- EXERCISE -
Gather from the listing below each line that includes the word "degrees", and copy it.

- DATASET RECORDS -

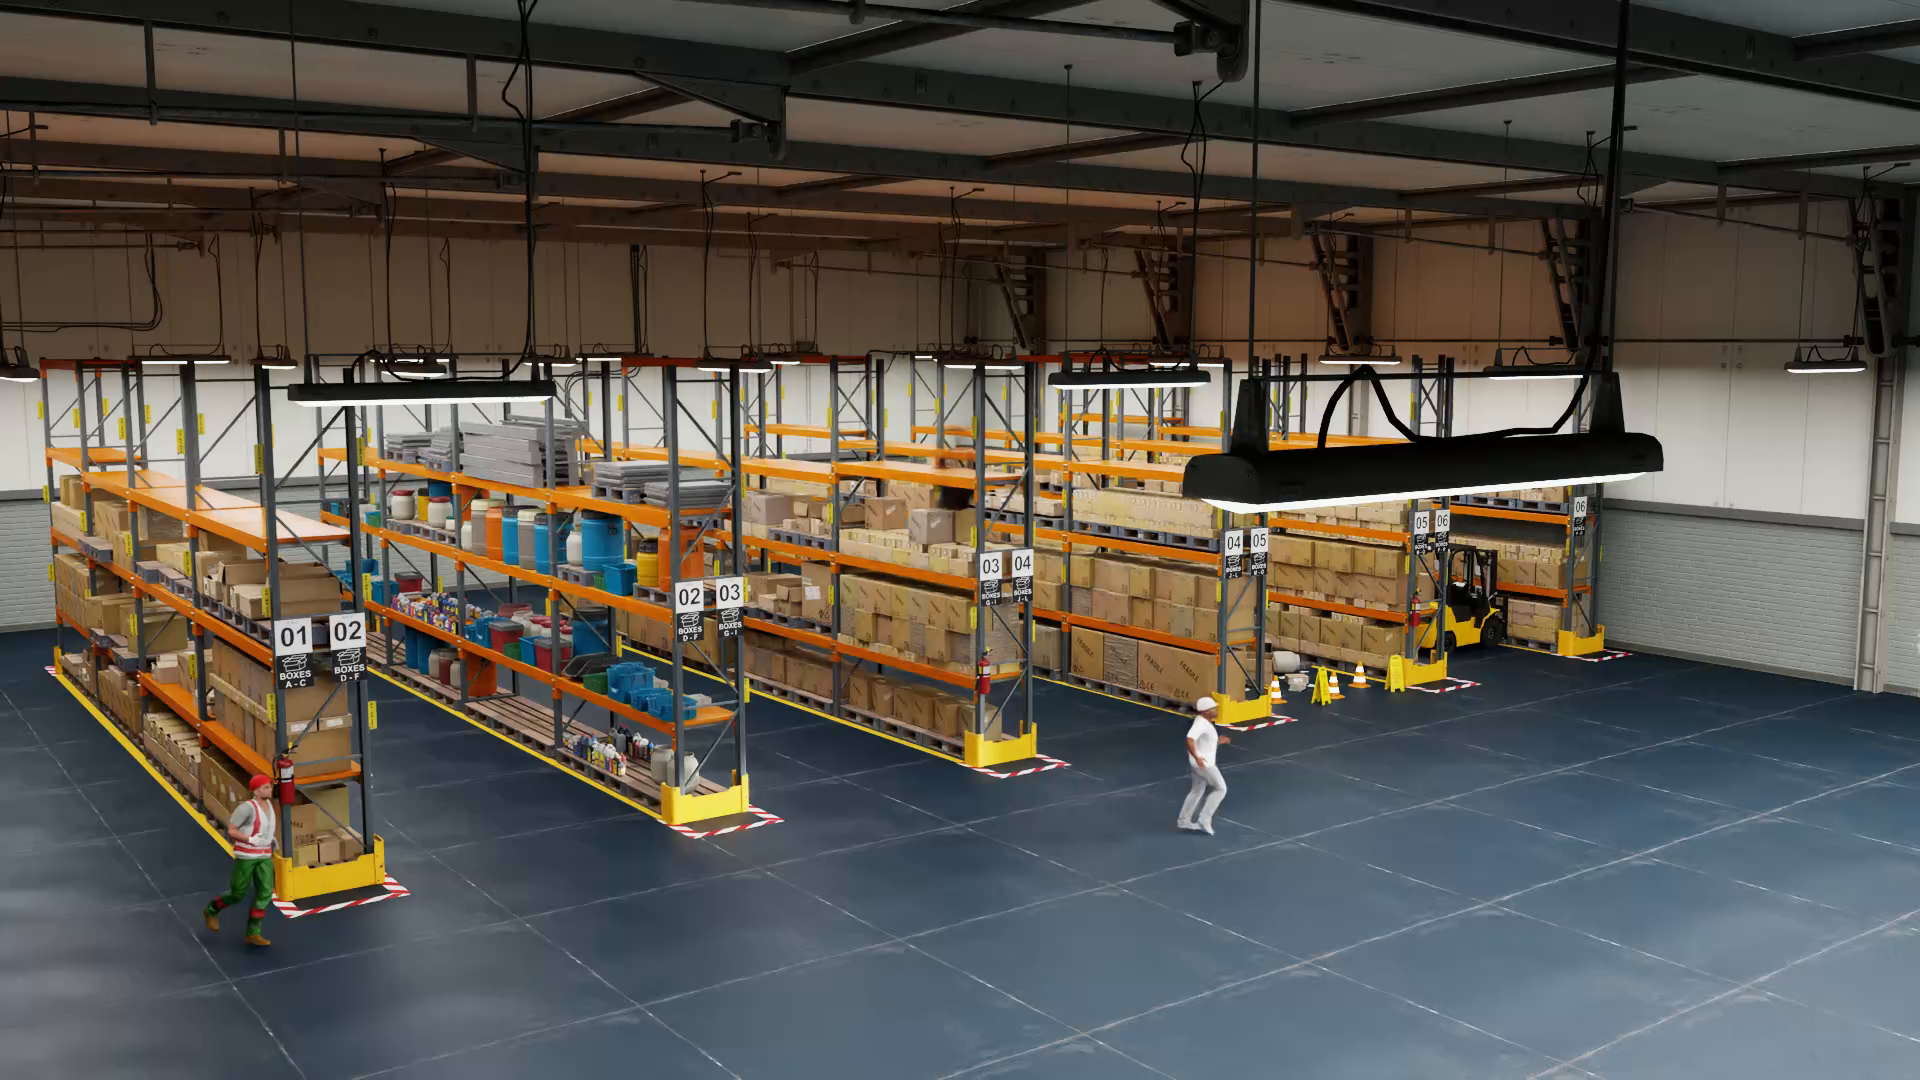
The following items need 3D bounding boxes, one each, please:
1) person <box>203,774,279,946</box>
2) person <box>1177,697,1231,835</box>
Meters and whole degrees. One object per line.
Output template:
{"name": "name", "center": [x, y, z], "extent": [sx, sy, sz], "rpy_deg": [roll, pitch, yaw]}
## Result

==

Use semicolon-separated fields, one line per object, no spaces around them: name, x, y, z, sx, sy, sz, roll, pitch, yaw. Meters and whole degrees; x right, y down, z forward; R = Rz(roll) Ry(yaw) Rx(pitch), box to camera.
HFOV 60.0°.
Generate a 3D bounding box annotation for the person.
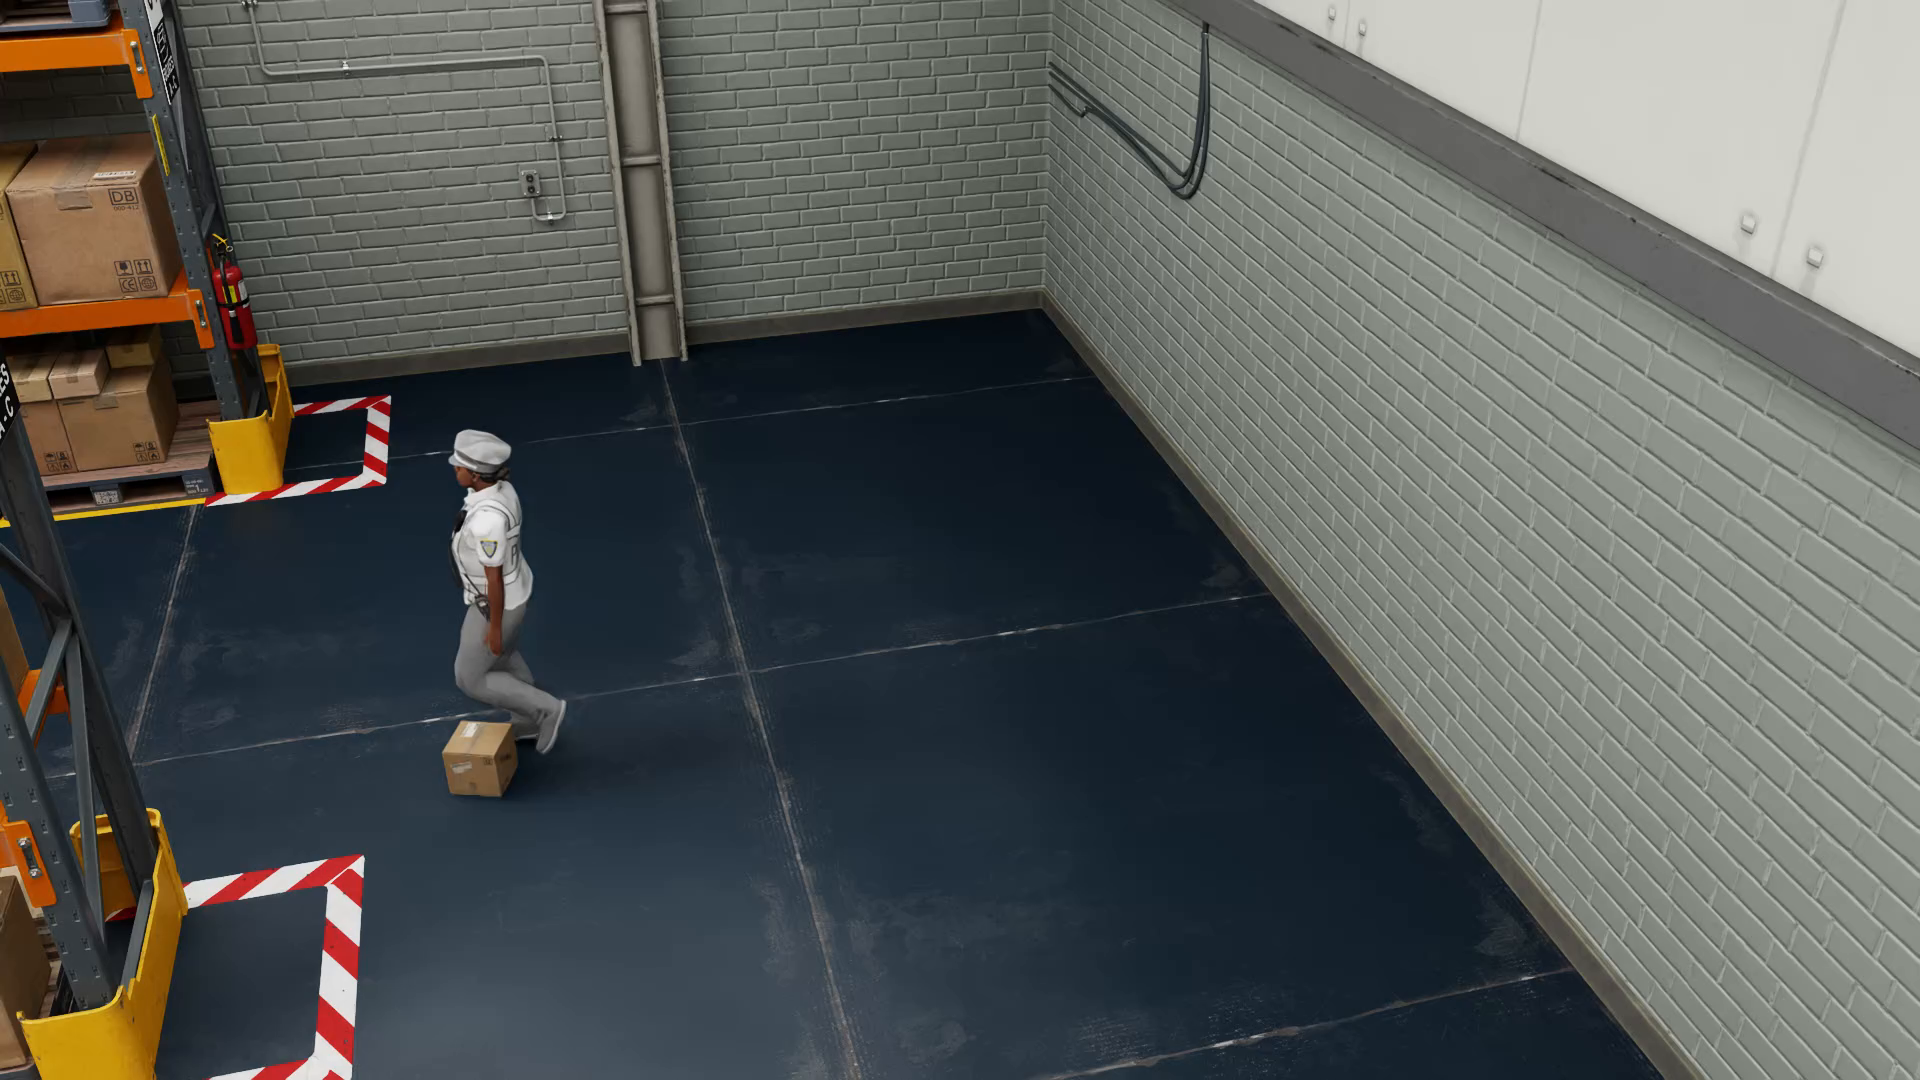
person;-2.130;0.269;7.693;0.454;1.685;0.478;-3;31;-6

- EXERCISE RESPONSE -
Meters and whole degrees. One object per line.
Use semicolon-separated fields, one line per object, no spaces around them: name, x, y, z, sx, sy, sz, roll, pitch, yaw. Meters and whole degrees; x right, y down, z forward; R = Rz(roll) Ry(yaw) Rx(pitch), box to camera.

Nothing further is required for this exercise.